# Eviction Notice



## JT_P (Feb 6, 2014)

Hi All, 

Long time resident of the UAE, actually was born and educated here before moving out for an assignment for about 8 years and returned in 2012. 

Going through an issue with my LL and needed guidance through people who have gone through it, preferably those who did it via the Rent Committee. All opinions are welcome but i really want to get my facts straight. 

So moved into a very nice apartment in 2012 that i fell in love with and paid pretty much market value at the time. Im married so my wife and i set up the house over the course of the year and finally we had become accustomed to living there and treating it as a "Home". Contract was renewed and the LL pushed AC costs on me which he was paying before but i agreed seeing as it was a fair request and i really did like the place and wasn't prepared to move (Incremental 6000 AED per year for the damned cooling). He did this because RERA calculations didnt allow him to raise the rent. 

So anyway I have 6 months left on the Contract and I get an email from him with the standard line "Selling apartment, wont renew the contract". Went into a bit of a panic but was reassured from multiple people that the law is on my side, and that RERA requires a 12 month notice. The question I have now is 

*does the 12 month notice apply from the day he sends it to me notarized and through registered mail, OR from the end of the current contract date i.e. 18 months from today ? (Personal experience of people would really help here as I am getting mixed messages from friends I talk to)*

I dont mind paying more for the apartment (Within the limits of the RERA calculator ofcourse) since the market is super inflated but it rattled me that Id have to move in 6 months and he thinks he can get away with it. 

-J


----------



## arabianhorse (Nov 13, 2013)

Look. At the end of the day, the apartment is worth what it is worth. Ie market forces prevail.
If you cannot afford it, then move. It's as simple as that.
Is your apartment worth the extra that your LL wants to charge, compared to similar offerings?
If yes, put up or move.

If no, then give your LL the finger and move to a cheaper place.


----------



## w_man (Apr 16, 2010)

arabianhorse said:


> Look. At the end of the day, the apartment is worth what it is worth. Ie market forces prevail.
> If you cannot afford it, then move. It's as simple as that.
> Is your apartment worth the extra that your LL wants to charge, compared to similar offerings?
> If yes, put up or move.
> ...


Yea, he shouldn't bother with his rights as a tenant - can't afford the place? just move you bum!

JL_T - Here's what the official law says:

d. If the owner of the property wishes to sell the leased property.

And for the purpose of clause (2) of this Article, landlord must notify tenant with reasons for eviction at least twelve months prior to the determined date of eviction subject that such notice be sent through the Notary Public or by registered mail.

As you can see, it's not very clear - prior to the determined date of eviction - doesn't exactly answer your question.
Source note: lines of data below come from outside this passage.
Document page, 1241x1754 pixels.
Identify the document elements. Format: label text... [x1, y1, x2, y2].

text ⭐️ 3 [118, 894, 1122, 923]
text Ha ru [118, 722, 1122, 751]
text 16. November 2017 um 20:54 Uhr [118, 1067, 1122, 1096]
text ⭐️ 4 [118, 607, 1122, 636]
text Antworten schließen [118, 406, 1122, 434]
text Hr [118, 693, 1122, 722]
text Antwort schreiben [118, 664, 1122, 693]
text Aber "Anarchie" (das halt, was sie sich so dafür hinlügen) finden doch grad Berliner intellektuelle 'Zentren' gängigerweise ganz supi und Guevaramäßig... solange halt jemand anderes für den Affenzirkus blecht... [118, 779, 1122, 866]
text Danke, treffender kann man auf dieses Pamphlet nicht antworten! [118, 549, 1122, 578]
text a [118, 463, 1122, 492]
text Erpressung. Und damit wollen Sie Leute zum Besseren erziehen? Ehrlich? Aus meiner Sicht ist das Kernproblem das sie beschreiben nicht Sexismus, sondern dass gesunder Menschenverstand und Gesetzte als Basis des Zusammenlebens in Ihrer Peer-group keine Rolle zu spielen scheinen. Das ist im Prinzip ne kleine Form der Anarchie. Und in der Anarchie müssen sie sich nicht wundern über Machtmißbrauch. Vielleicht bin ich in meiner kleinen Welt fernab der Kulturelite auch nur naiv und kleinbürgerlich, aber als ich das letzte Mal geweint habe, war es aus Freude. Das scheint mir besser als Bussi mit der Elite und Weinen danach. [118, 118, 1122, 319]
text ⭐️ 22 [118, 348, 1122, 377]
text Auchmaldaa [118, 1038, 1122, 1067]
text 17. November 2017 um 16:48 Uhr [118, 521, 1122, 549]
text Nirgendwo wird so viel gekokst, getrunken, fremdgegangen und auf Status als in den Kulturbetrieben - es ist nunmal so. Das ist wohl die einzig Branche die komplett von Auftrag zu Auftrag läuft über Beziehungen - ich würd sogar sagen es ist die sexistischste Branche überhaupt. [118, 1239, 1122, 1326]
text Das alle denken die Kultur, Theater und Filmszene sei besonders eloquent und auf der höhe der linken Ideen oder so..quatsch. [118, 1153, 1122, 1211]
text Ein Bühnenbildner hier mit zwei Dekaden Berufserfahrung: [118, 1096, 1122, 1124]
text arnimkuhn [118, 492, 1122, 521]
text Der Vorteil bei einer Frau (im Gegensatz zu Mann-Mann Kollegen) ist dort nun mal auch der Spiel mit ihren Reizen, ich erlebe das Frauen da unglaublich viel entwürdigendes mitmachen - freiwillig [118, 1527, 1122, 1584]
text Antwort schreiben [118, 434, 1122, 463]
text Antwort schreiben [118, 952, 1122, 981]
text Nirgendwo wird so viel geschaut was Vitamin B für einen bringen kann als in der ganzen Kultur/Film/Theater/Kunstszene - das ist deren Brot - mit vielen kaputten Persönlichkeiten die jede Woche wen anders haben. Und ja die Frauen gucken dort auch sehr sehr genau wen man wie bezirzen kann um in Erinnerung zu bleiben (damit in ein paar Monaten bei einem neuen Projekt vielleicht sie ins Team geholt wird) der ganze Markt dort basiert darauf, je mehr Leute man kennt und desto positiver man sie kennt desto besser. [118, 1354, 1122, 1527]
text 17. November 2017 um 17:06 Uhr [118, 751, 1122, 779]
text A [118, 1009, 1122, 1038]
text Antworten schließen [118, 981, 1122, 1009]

Perhaps try going down to the RERA office and get them to assist with clarification? Do let us know what you find out.


----------



## JT_P (Feb 6, 2014)

Ummm... My question wasnt related to affordability at all or a rent hike, dont know what you read through my post - I am ok to pay within the limits the prevailing law permits. There is a law in place and I will abide by it. 

my question was related to reading the law correctly - when the eviction notice of 12 months (Which is part of the Law) is supposed to start from.


----------



## JT_P (Feb 6, 2014)

w_man said:


> Yea, he shouldn't bother with his rights as a tenant - can't afford the place? just move you bum!
> 
> JL_T - Here's what the official law says:
> 
> ...


Thats Exactly my point - The way its drafted is very ambiguous. Decree 43 (Not Online but posted in Gulf News shortly after Expo was announced) pretty much has the same wording just with different Rent figures for Areas.
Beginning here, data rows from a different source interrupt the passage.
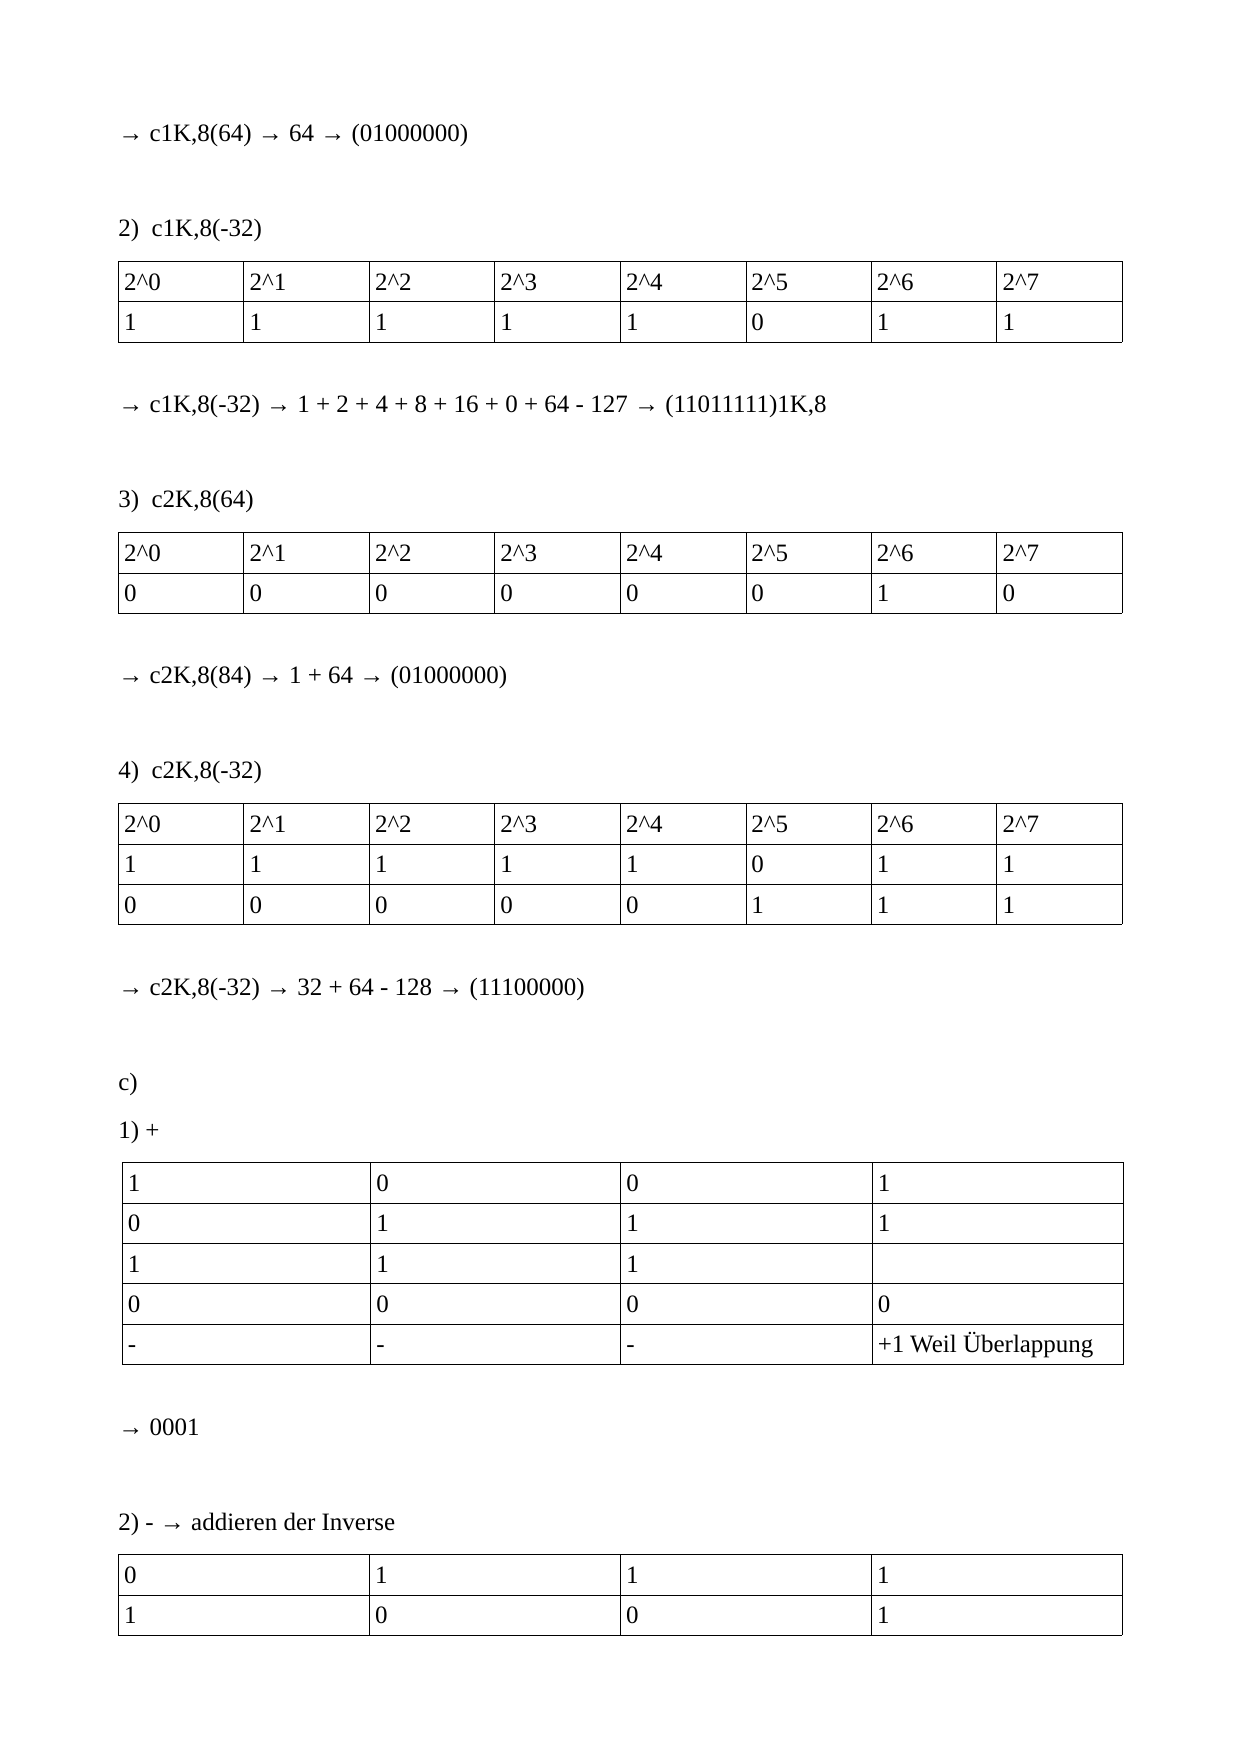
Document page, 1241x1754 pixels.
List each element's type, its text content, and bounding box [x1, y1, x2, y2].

table_header 2^1 [244, 262, 369, 301]
table_cell 1 [872, 302, 996, 342]
table_header 2^5 [747, 533, 871, 572]
text → c2K,8(84) → 1 + 64 → (01000000) [118, 660, 1122, 689]
table_cell 1 [621, 302, 746, 342]
table_cell 0 [244, 885, 369, 924]
table_header 1 [872, 1555, 1122, 1595]
table_header 2^6 [872, 533, 996, 572]
table_cell 1 [371, 1244, 620, 1283]
table_header 1 [123, 1163, 370, 1203]
table_cell +1 Weil Überlappung [873, 1325, 1123, 1364]
table_header 2^1 [244, 804, 369, 843]
text → c2K,8(-32) → 32 + 64 - 128 → (11100000) [118, 972, 1122, 1001]
table_cell 0 [371, 1284, 620, 1323]
table_header 2^6 [872, 804, 996, 843]
table_header 2^1 [244, 533, 369, 572]
text 3) c2K,8(64) [118, 484, 1122, 513]
table_cell 1 [370, 302, 494, 342]
table_cell 1 [621, 1204, 872, 1243]
table_cell 1 [244, 302, 369, 342]
table_header 2^4 [621, 262, 746, 301]
table_cell 1 [872, 1596, 1122, 1635]
table_cell 1 [747, 885, 871, 924]
table_header 1 [873, 1163, 1123, 1203]
table_cell 1 [371, 1204, 620, 1243]
table_header 2^2 [370, 262, 494, 301]
table_cell 0 [119, 885, 243, 924]
table_cell 1 [621, 845, 746, 884]
table_cell - [621, 1325, 872, 1364]
table_cell 1 [119, 1596, 369, 1635]
table_cell 0 [119, 574, 243, 613]
text 4) c2K,8(-32) [118, 756, 1122, 784]
table_header 2^4 [621, 804, 746, 843]
table_cell 0 [370, 885, 494, 924]
table_cell 0 [747, 302, 871, 342]
table_header 1 [370, 1555, 620, 1595]
table_header 2^7 [997, 262, 1122, 301]
table_header 2^0 [119, 262, 243, 301]
table_header 2^7 [997, 804, 1122, 843]
table_header 0 [621, 1163, 872, 1203]
table_cell 0 [621, 574, 746, 613]
table_header 2^7 [997, 533, 1122, 572]
table_header 0 [119, 1555, 369, 1595]
table_cell 0 [747, 845, 871, 884]
table_cell 0 [747, 574, 871, 613]
table_cell 1 [244, 845, 369, 884]
table_cell 0 [873, 1284, 1123, 1323]
table_header 2^0 [119, 804, 243, 843]
text c) [118, 1067, 1122, 1096]
text → c1K,8(64) → 64 → (01000000) [118, 118, 1122, 147]
table_cell 1 [997, 845, 1122, 884]
table_header 1 [621, 1555, 871, 1595]
table_header 2^0 [119, 533, 243, 572]
table_cell 1 [119, 302, 243, 342]
text 2) - → addieren der Inverse [118, 1507, 1122, 1536]
table_cell 1 [621, 1244, 872, 1283]
text 2) c1K,8(-32) [118, 213, 1122, 242]
table_cell 1 [872, 845, 996, 884]
table_cell 0 [495, 885, 620, 924]
table_header 2^3 [495, 262, 620, 301]
table_header 2^3 [495, 804, 620, 843]
table_header 0 [371, 1163, 620, 1203]
table_cell 1 [872, 574, 996, 613]
table_header 2^5 [747, 804, 871, 843]
table_cell 1 [872, 885, 996, 924]
table_header 2^2 [370, 533, 494, 572]
table_cell 0 [621, 885, 746, 924]
table_cell 1 [119, 845, 243, 884]
table_header 2^3 [495, 533, 620, 572]
table_cell 1 [495, 302, 620, 342]
table_cell 0 [495, 574, 620, 613]
table_cell 1 [873, 1204, 1123, 1243]
table_cell 0 [370, 1596, 620, 1635]
table_cell 0 [370, 574, 494, 613]
table_header 2^6 [872, 262, 996, 301]
table_header 2^5 [747, 262, 871, 301]
table_cell 1 [123, 1244, 370, 1283]
table_cell 1 [997, 885, 1122, 924]
table_cell 0 [123, 1204, 370, 1243]
table_cell 1 [370, 845, 494, 884]
table_cell - [123, 1325, 370, 1364]
table_cell 0 [123, 1284, 370, 1323]
table_cell [873, 1244, 1123, 1283]
table_cell - [371, 1325, 620, 1364]
table_header 2^2 [370, 804, 494, 843]
text → c1K,8(-32) → 1 + 2 + 4 + 8 + 16 + 0 + 64 - 127 → (11011111)1K,8 [118, 389, 1122, 418]
text 1) + [118, 1115, 1122, 1143]
table_cell 1 [997, 302, 1122, 342]
table_cell 0 [621, 1284, 872, 1323]
table_cell 1 [495, 845, 620, 884]
text → 0001 [118, 1412, 1122, 1440]
table_cell 0 [997, 574, 1122, 613]
table_header 2^4 [621, 533, 746, 572]
table_cell 0 [244, 574, 369, 613]
table_cell 0 [621, 1596, 871, 1635]

I guess a trek down to the RC office is in order unless someone comes up with his/her own personal experience. Heard the RC is pretty cool in making sure the law is applied to the letter. Hopefully will settle this on the phone with the LL though, but need to know my facts and fall back.


----------



## saraswat (Apr 28, 2012)

In my opinion, its pretty straight forward. The 12 month period begins at the time the notice is served. If you and your landlord agree on another date for the start of the 12 month period then it applies....
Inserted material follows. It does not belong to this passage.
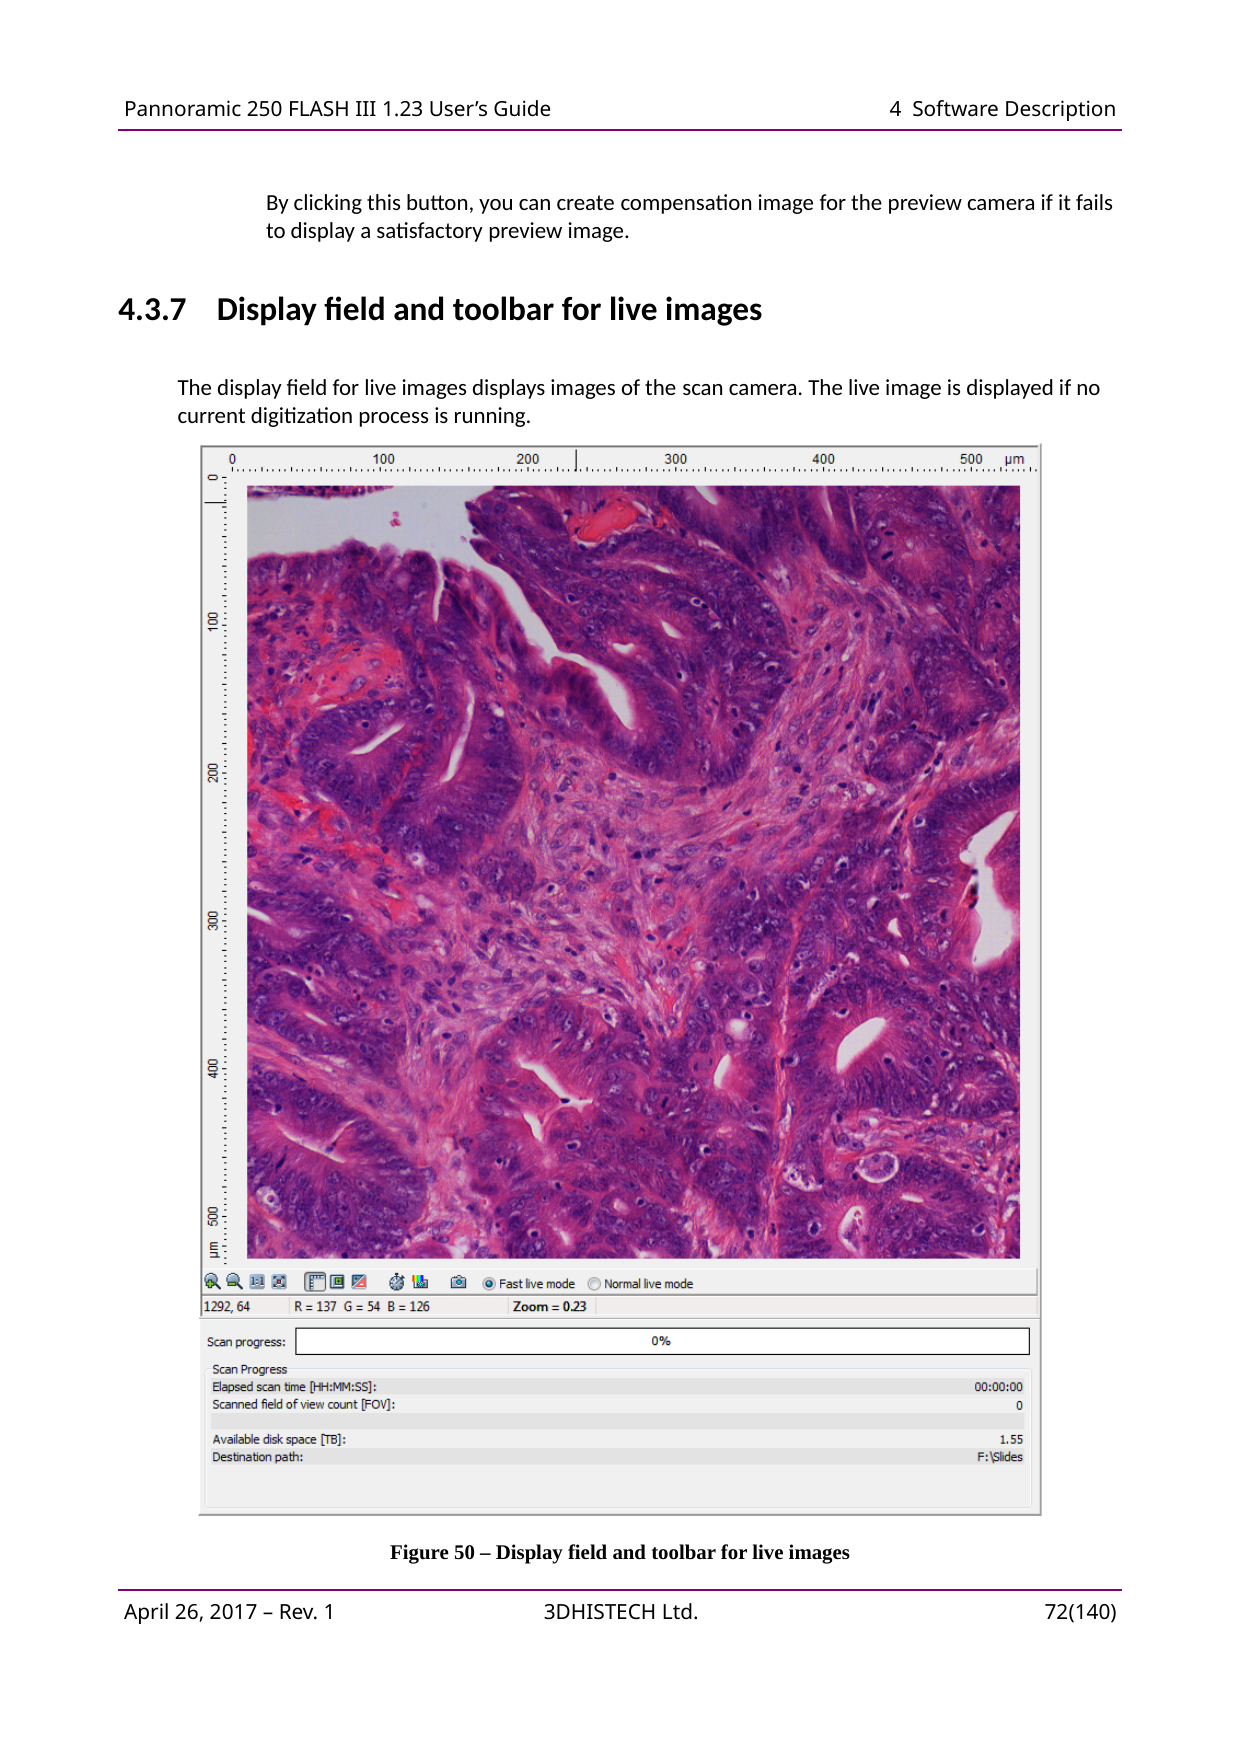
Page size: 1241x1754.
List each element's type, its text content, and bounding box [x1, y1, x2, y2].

p.s:just going off of the literature posted above, no personal experience (yet)


----------



## w_man (Apr 16, 2010)

saraswat said:


> In my opinion, its pretty straight forward. The 12 month period begins at the time the notice is served. If you and your landlord agree on another date for the start of the 12 month period then it applies....
> 
> p.s:just going off of the literature posted above, no personal experience (yet)


This does make the most sense. 

I guess it also means that you have to get a new/shorter lease signed once the current one expires eg: you still have 6 months left on the current lease, he gives you a 12 month notice, at the end of the current lease, you have to sign a 6 month lease and pay him half the rent.

Wonder if shorter leases create any other issues eg: RERA registration, sponsoring dependents etc.


----------



## NjxNA (Jan 13, 2013)

I have the following question about the 12-month eviction notice:
I was issued a standard eviction notice (not notarized nor sent by registered mail) on the contract renewal day mentioning Clause 2 (C) of Article 25 of Law No. 33 of 2008.
As the same law states the following: "If the owner of the property wishes to recover the property for use by him personally or by his next of kin of first degree provided that he proves that he does not own a suitable alternative property for that purpose." and as I was asked to sign the eviction notice without them not providing any proof (and they can't as it's a company owning the whole building where I live - around 50 apts, some of them still vacant today) I asked them to send me all the documentation via registered mail, which they didn't.

If in few months, when the contract renewal will be due, I'll refer to the Rent Committee, is there any chance they will consider valid the letter the landlord issued, even if I never signed it?


----------